Enfin, il reste la question d’un autre marché que nous n’avons abordé qu’indirectement : l’Ukraine. Ses capacités en 152 et 122 mm vont peu à peu se réduire, au fur et à mesure de la perte et de l’usure des systèmes. Avec une transition vers le tandem 105/155 mm déjà largement engagée, cette question va elle aussi se poser. Au regard des positions des belligérants, la guerre va perdurer et accroître les besoins de Kiev ; y compris dans l’hypothèse d’une reprise à terme de l’ensemble de ses territoires par l’Ukraine. L’enjeu industriel est ici majeur, avec des besoins s’exprimant en centaines de tubes, voire dépassant le millier. En la matière, les grandes manœuvres n’ont pas encore commencé. Certes, il y a l’achat de 18 RCH‑155 en Allemagne, et la réception future d’une vingtaine de M‑142, mais cela ne préfigure pas réellement d’une adaptation à long terme de l’artillerie ukrainienne.

Son évolution pourrait certes passer par l’achat massif de M‑109 d’occasion aux États – Unis – plus de 800 sont tenus en réserve, rien que pour les A6 –, mais, au – delà, Kiev entend également développer son industrie de défense, avec pour effet collatéral de jouer un rôle économique important.
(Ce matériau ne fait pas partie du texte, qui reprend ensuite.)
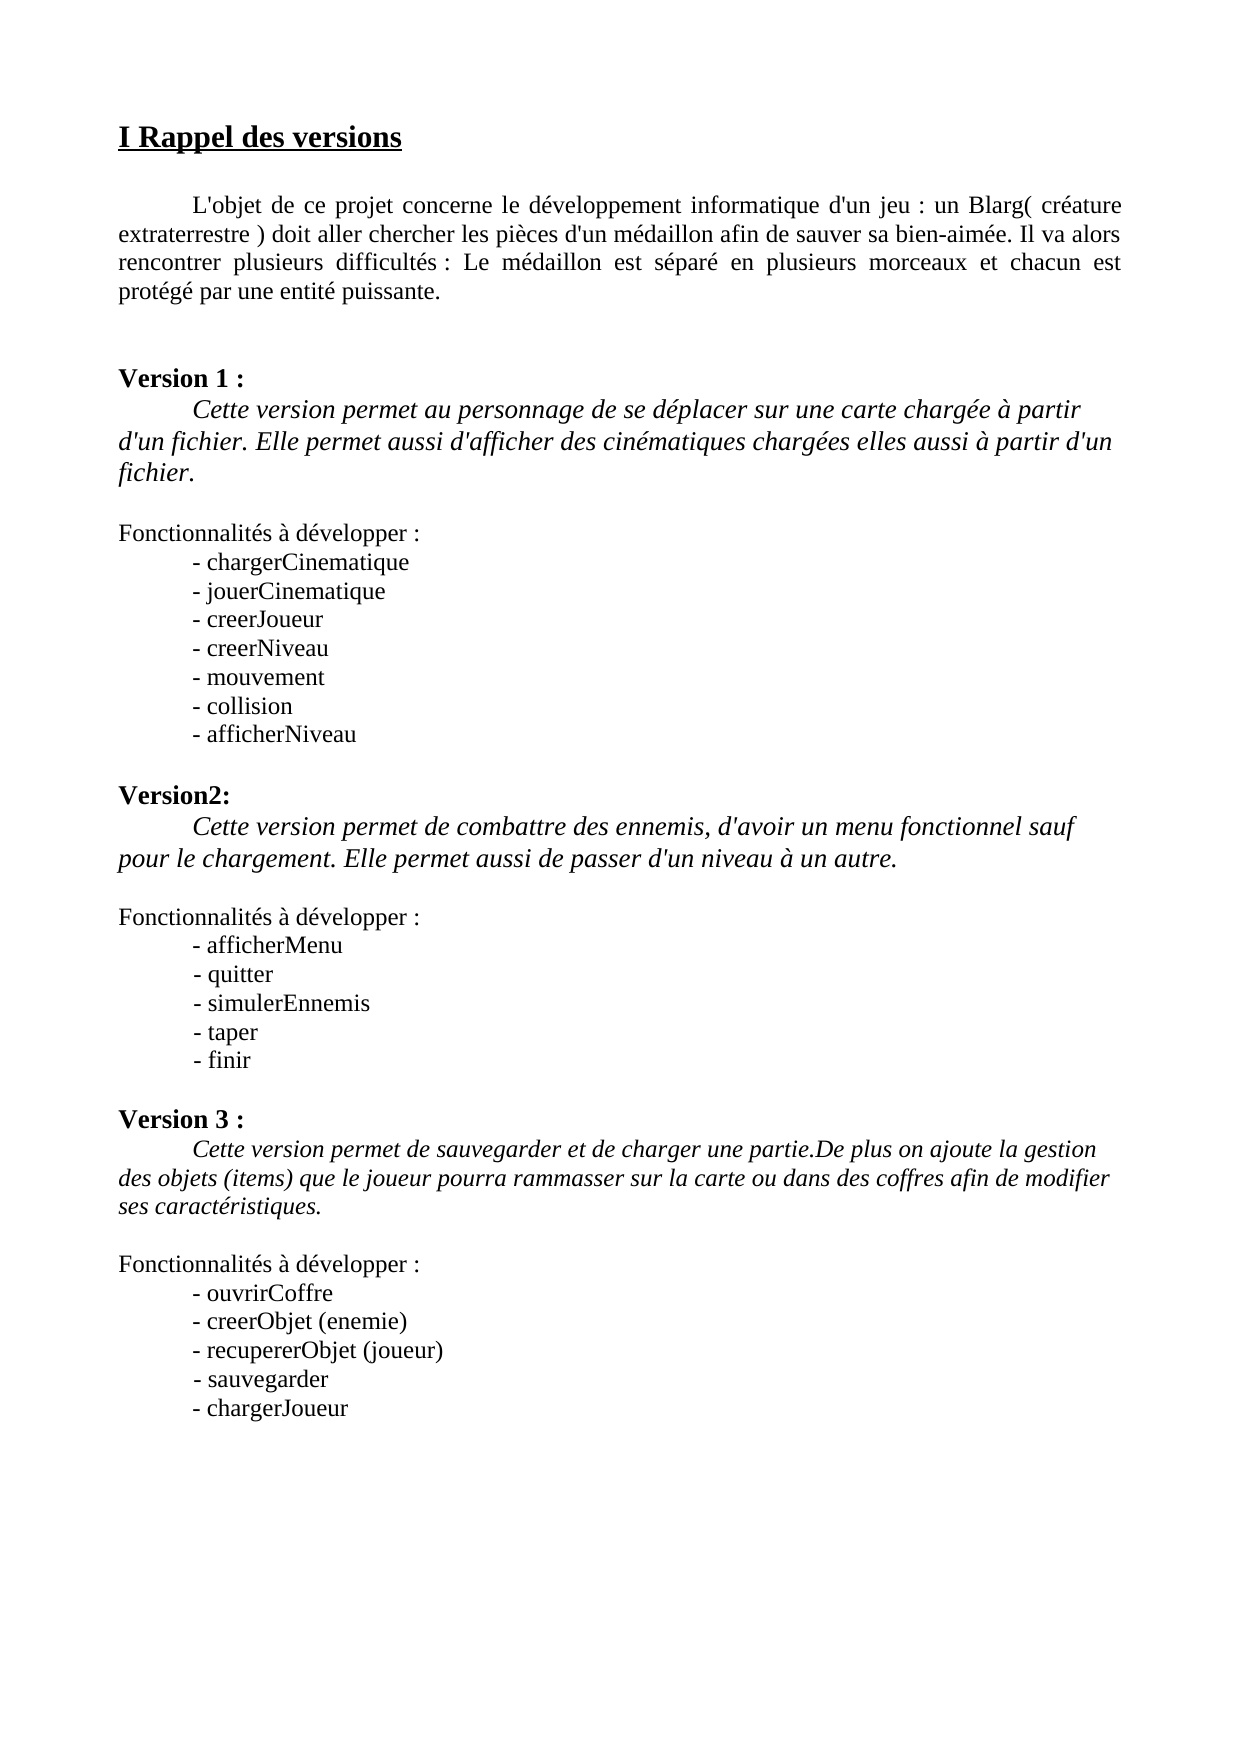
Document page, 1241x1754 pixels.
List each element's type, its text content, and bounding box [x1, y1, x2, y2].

text - mouvement [118, 662, 1122, 691]
text I Rappel des versions [118, 118, 1122, 154]
text - jouerCinematique [118, 576, 1122, 604]
list Version2: [118, 779, 1122, 811]
list - finir [156, 1045, 1122, 1074]
text - chargerCinematique [118, 547, 1122, 576]
list - taper [156, 1017, 1122, 1045]
text - creerObjet (enemie) [118, 1306, 1122, 1335]
text - recupererObjet (joueur) [118, 1335, 1122, 1364]
text - collision [118, 691, 1122, 719]
text L'objet de ce projet concerne le développement informatique d'un jeu : un Blarg( créature extraterrestre ) doit aller chercher les pièces d'un médaillon afin de sauver sa bien-aimée. Il va alors rencontrer plusieurs difficultés : Le médaillon est séparé en plusieurs morceaux et chacun est protégé par une entité puissante. [118, 190, 1122, 305]
list - simulerEnnemis [156, 988, 1122, 1017]
text - afficherNiveau [118, 719, 1122, 748]
text Fonctionnalités à développer : [118, 518, 1122, 547]
text - creerNiveau [118, 633, 1122, 662]
list Version 3 : [118, 1103, 1122, 1134]
text - chargerJoueur [118, 1393, 1122, 1421]
text Cette version permet de sauvegarder et de charger une partie.De plus on ajoute la gestion des objets (items) que le joueur pourra rammasser sur la carte ou dans des coffres afin de modifier ses caractéristiques. [118, 1134, 1122, 1220]
text - afficherMenu [118, 930, 1122, 959]
text - creerJoueur [118, 604, 1122, 633]
text - ouvrirCoffre [118, 1278, 1122, 1306]
text Fonctionnalités à développer : [118, 902, 1122, 930]
list - quitter [156, 959, 1122, 988]
text Cette version permet au personnage de se déplacer sur une carte chargée à partir d'un fichier. Elle permet aussi d'afficher des cinématiques chargées elles aussi à partir d'un fichier. [118, 394, 1122, 487]
text Version 1 : [118, 362, 1122, 394]
text Fonctionnalités à développer : [118, 1249, 1122, 1278]
list - sauvegarder [156, 1364, 1122, 1393]
text Cette version permet de combattre des ennemis, d'avoir un menu fonctionnel sauf pour le chargement. Elle permet aussi de passer d'un niveau à un autre. [118, 811, 1122, 873]
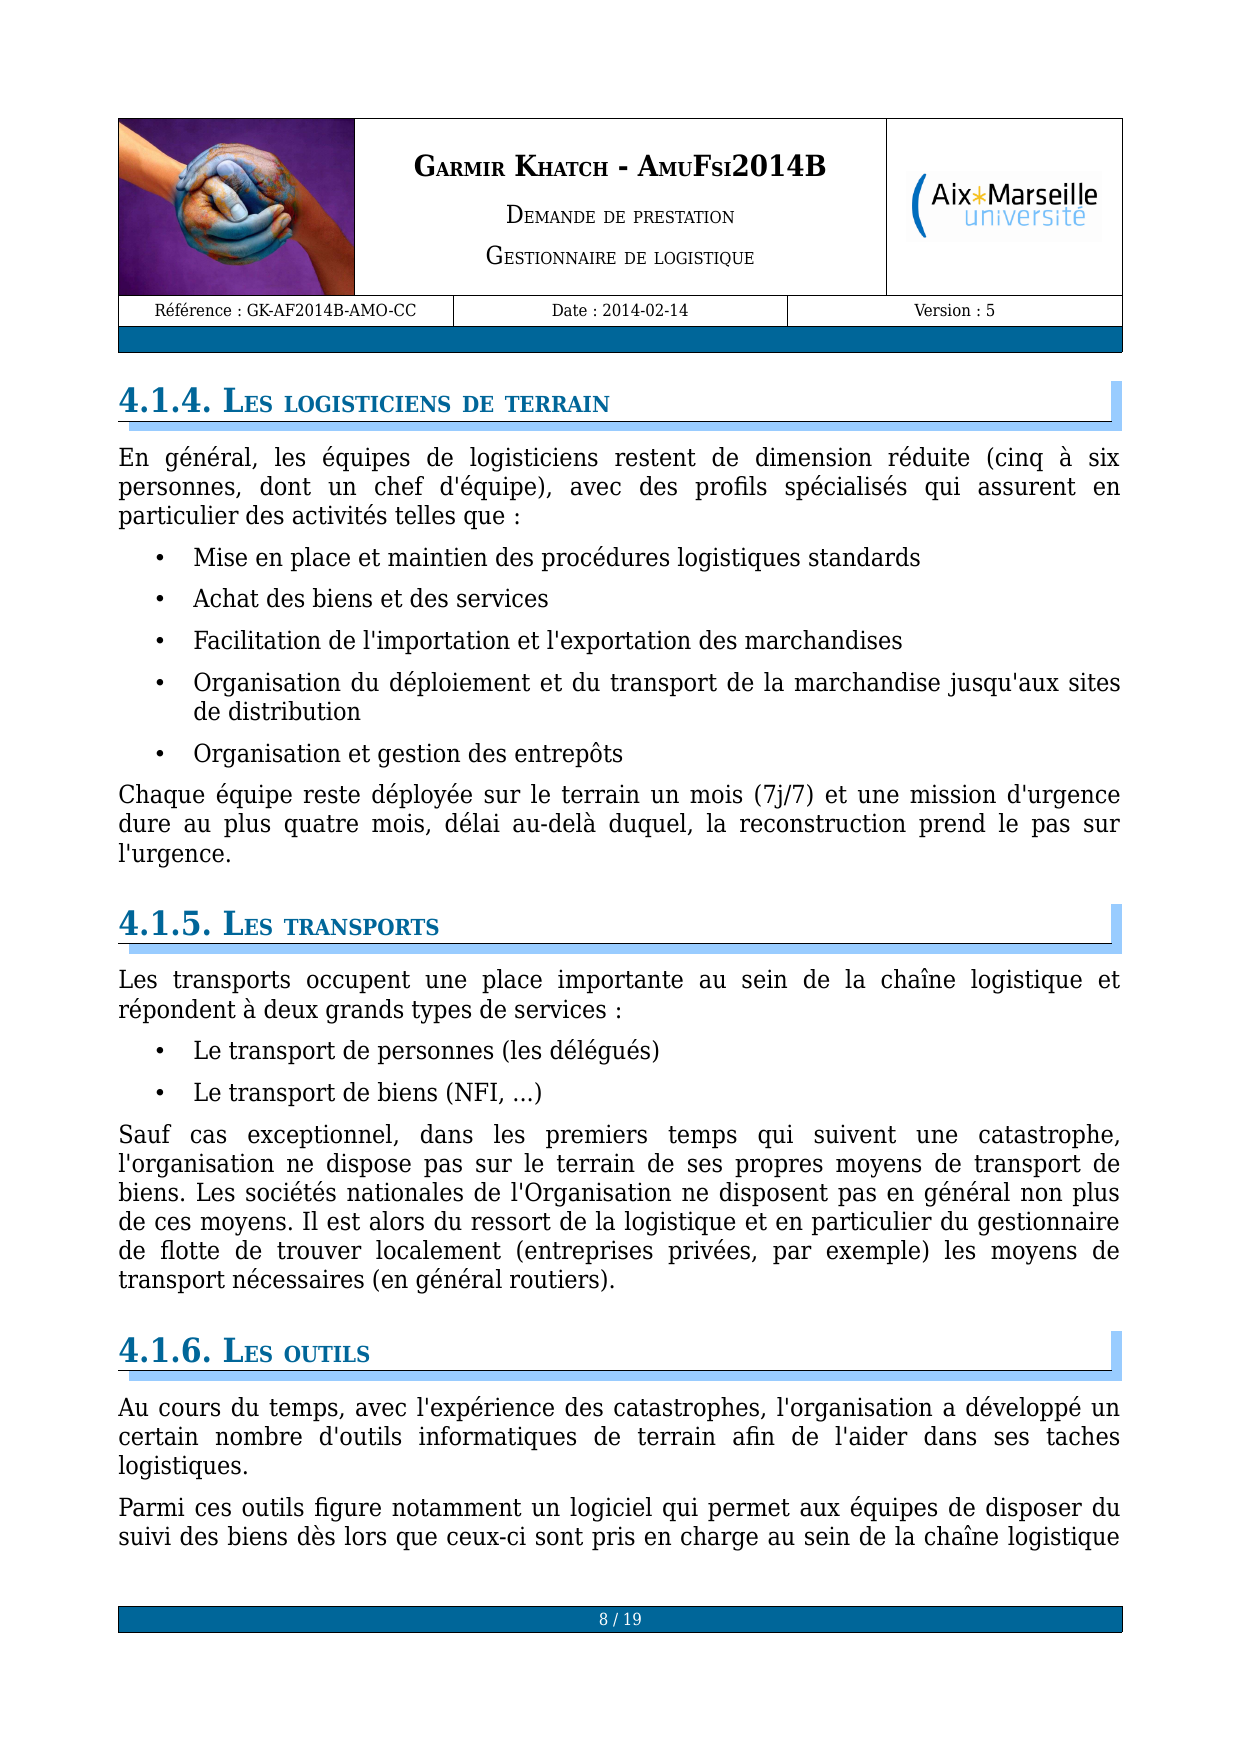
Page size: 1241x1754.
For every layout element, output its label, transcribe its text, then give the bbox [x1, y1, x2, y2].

list Le transport de biens (NFI, ...) [156, 1078, 1122, 1107]
list Achat des biens et des services [156, 584, 1122, 614]
text Au cours du temps, avec l'expérience des catastrophes, l'organisation a développé un certain nombre d'outils informatiques de terrain afin de l'aider dans ses taches logistiques. [118, 1393, 1122, 1480]
list Facilitation de l'importation et l'exportation des marchandises [156, 626, 1122, 655]
subtitle Les logisticiens de terrain [118, 381, 1111, 421]
list Organisation du déploiement et du transport de la marchandise jusqu'aux sites de distribution [156, 668, 1122, 726]
subtitle Les transports [118, 904, 1111, 943]
text Parmi ces outils figure notamment un logiciel qui permet aux équipes de disposer du suivi des biens dès lors que ceux-ci sont pris en charge au sein de la chaîne logistique [118, 1493, 1122, 1551]
list Le transport de personnes (les délégués) [156, 1037, 1122, 1066]
subtitle Les outils [118, 1331, 1111, 1370]
picture [119, 119, 354, 295]
list Organisation et gestion des entrepôts [156, 739, 1122, 768]
text Chaque équipe reste déployée sur le terrain un mois (7j/7) et une mission d'urgence dure au plus quatre mois, délai au-delà duquel, la reconstruction prend le pas sur l'urgence. [118, 780, 1122, 868]
text En général, les équipes de logisticiens restent de dimension réduite (cinq à six personnes, dont un chef d'équipe), avec des profils spécialisés qui assurent en particulier des activités telles que : [118, 443, 1122, 530]
text Sauf cas exceptionnel, dans les premiers temps qui suivent une catastrophe, l'organisation ne dispose pas sur le terrain de ses propres moyens de transport de biens. Les sociétés nationales de l'Organisation ne disposent pas en général non plus de ces moyens. Il est alors du ressort de la logistique et en particulier du gestionnaire de flotte de trouver localement (entreprises privées, par exemple) les moyens de transport nécessaires (en général routiers). [118, 1120, 1122, 1295]
text Les transports occupent une place importante au sein de la chaîne logistique et répondent à deux grands types de services : [118, 966, 1122, 1024]
picture [887, 126, 1122, 288]
list Mise en place et maintien des procédures logistiques standards [156, 543, 1122, 572]
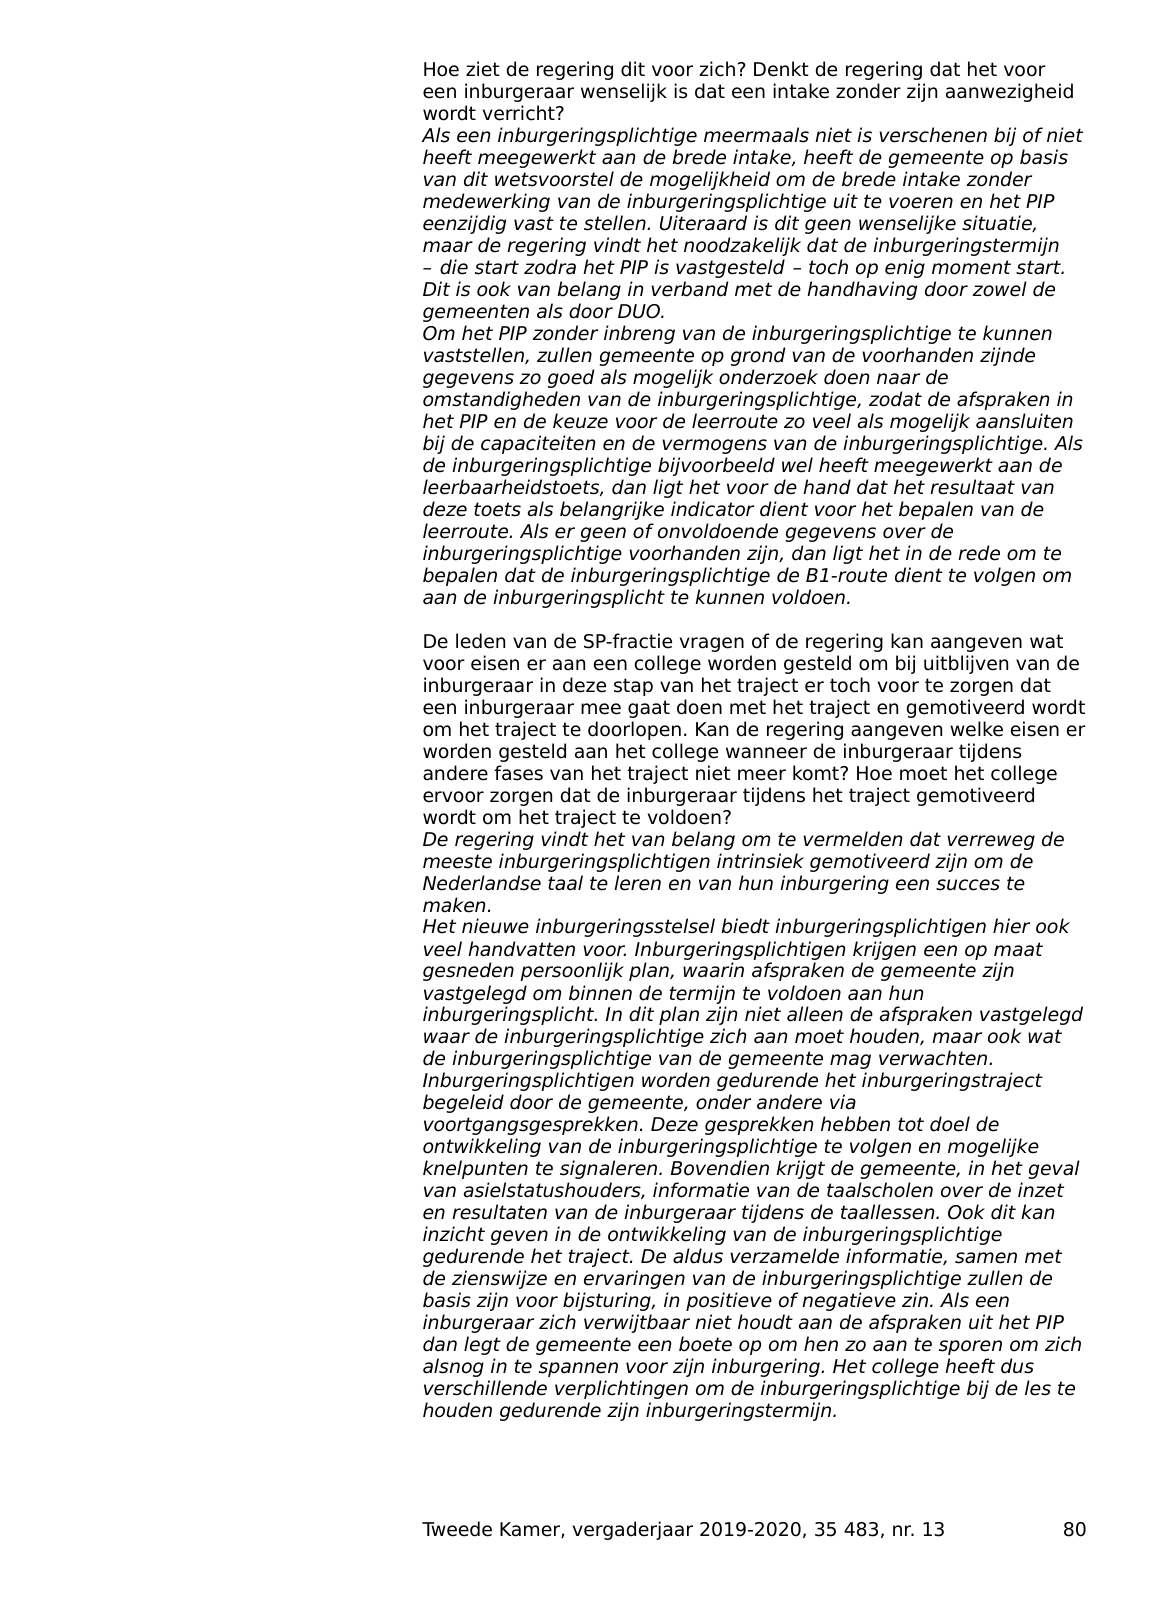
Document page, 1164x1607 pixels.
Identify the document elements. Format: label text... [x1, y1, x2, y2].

text Hoe ziet de regering dit voor zich? Denkt de regering dat het voor een inburgeraar wenselijk is dat een intake zonder zijn aanwezigheid wordt verricht? [422, 59, 1087, 125]
text Om het PIP zonder inbreng van de inburgeringsplichtige te kunnen vaststellen, zullen gemeente op grond van de voorhanden zijnde gegevens zo goed als mogelijk onderzoek doen naar de omstandigheden van de inburgeringsplichtige, zodat de afspraken in het PIP en de keuze voor de leerroute zo veel als mogelijk aansluiten bij de capaciteiten en de vermogens van de inburgeringsplichtige. Als de inburgeringsplichtige bijvoorbeeld wel heeft meegewerkt aan de leerbaarheidstoets, dan ligt het voor de hand dat het resultaat van deze toets als belangrijke indicator dient voor het bepalen van de leerroute. Als er geen of onvoldoende gegevens over de inburgeringsplichtige voorhanden zijn, dan ligt het in de rede om te bepalen dat de inburgeringsplichtige de B1-route dient te volgen om aan de inburgeringsplicht te kunnen voldoen. [422, 323, 1087, 608]
text De regering vindt het van belang om te vermelden dat verreweg de meeste inburgeringsplichtigen intrinsiek gemotiveerd zijn om de Nederlandse taal te leren en van hun inburgering een succes te maken. [422, 828, 1087, 916]
text Inburgeringsplichtigen worden gedurende het inburgeringstraject begeleid door de gemeente, onder andere via voortgangsgesprekken. Deze gesprekken hebben tot doel de ontwikkeling van de inburgeringsplichtige te volgen en mogelijke knelpunten te signaleren. Bovendien krijgt de gemeente, in het geval van asielstatushouders, informatie van de taalscholen over de inzet en resultaten van de inburgeraar tijdens de taallessen. Ook dit kan inzicht geven in de ontwikkeling van de inburgeringsplichtige gedurende het traject. De aldus verzamelde informatie, samen met de zienswijze en ervaringen van de inburgeringsplichtige zullen de basis zijn voor bijsturing, in positieve of negatieve zin. Als een inburgeraar zich verwijtbaar niet houdt aan de afspraken uit het PIP dan legt de gemeente een boete op om hen zo aan te sporen om zich alsnog in te spannen voor zijn inburgering. Het college heeft dus verschillende verplichtingen om de inburgeringsplichtige bij de les te houden gedurende zijn inburgeringstermijn. [422, 1070, 1087, 1422]
text Als een inburgeringsplichtige meermaals niet is verschenen bij of niet heeft meegewerkt aan de brede intake, heeft de gemeente op basis van dit wetsvoorstel de mogelijkheid om de brede intake zonder medewerking van de inburgeringsplichtige uit te voeren en het PIP eenzijdig vast te stellen. Uiteraard is dit geen wenselijke situatie, maar de regering vindt het noodzakelijk dat de inburgeringstermijn – die start zodra het PIP is vastgesteld – toch op enig moment start. Dit is ook van belang in verband met de handhaving door zowel de gemeenten als door DUO. [422, 125, 1087, 323]
text Het nieuwe inburgeringsstelsel biedt inburgeringsplichtigen hier ook veel handvatten voor. Inburgeringsplichtigen krijgen een op maat gesneden persoonlijk plan, waarin afspraken de gemeente zijn vastgelegd om binnen de termijn te voldoen aan hun inburgeringsplicht. In dit plan zijn niet alleen de afspraken vastgelegd waar de inburgeringsplichtige zich aan moet houden, maar ook wat de inburgeringsplichtige van de gemeente mag verwachten. [422, 916, 1087, 1070]
text De leden van de SP-fractie vragen of de regering kan aangeven wat voor eisen er aan een college worden gesteld om bij uitblijven van de inburgeraar in deze stap van het traject er toch voor te zorgen dat een inburgeraar mee gaat doen met het traject en gemotiveerd wordt om het traject te doorlopen. Kan de regering aangeven welke eisen er worden gesteld aan het college wanneer de inburgeraar tijdens andere fases van het traject niet meer komt? Hoe moet het college ervoor zorgen dat de inburgeraar tijdens het traject gemotiveerd wordt om het traject te voldoen? [422, 631, 1087, 828]

En juillet dernier, un accord de codéveloppement d’un obusier était signé entre les firmes slovaque Konstrukta et ukrainienne KZVV, mais le résultat des récentes élections à Bratislava pourrait mettre en danger un accord qui n’était adossé qu’à des capacités de production relativement limitées et dont la montée en puissance pouvait s’avérer incompatible avec l’urgence des besoins. Il en est de même pour la production à grande échelle du Bohadna, de conception locale, dont seuls quelques exemplaires sont en service. Reste également l’inconnue turque : Ankara s’était déjà rapproché de Kiev avant la guerre sur une série de projets en commun – corvettes, drones Bayraktar – et son aide a été particulièrement appréciée.



Notes

(1) Deux autres ont été endommagés, et on ne sait pas s’ils pourront être remis en condition.

(2) Des commandes qui permettent ainsi d’opérer un rajeunissement du parc d’artillerie.

(3) Stijn Mitzer et coll., « Attack On Europe : Documenting Ukrainian Equipment Losses During The 2022 Russian Invasion Of Ukraine », https://​www​.oryxspioenkop​.com/​2​0​2​2​/​0​2​/​a​t​t​a​c​k​-​o​n​-​e​u​r​o​p​e​-​d​o​c​u​m​e​n​t​i​n​g​-​u​k​r​a​i​n​i​a​n​.​h​tml, consulté le 26/09/2023.

(4) Philippe Langloit, « K239 Chunmoo. Séoul revisite le MLRS », Défense & Sécurité Internationale, hors-série no 87, décembre 2022-janvier 2023.

(5) Joseph Henrotin, « Frappes à longue portée : impératif tactique ou ambitions démesurées ? », Défense & Sécurité Internationale, hors – série no 89, avril-mai 2023.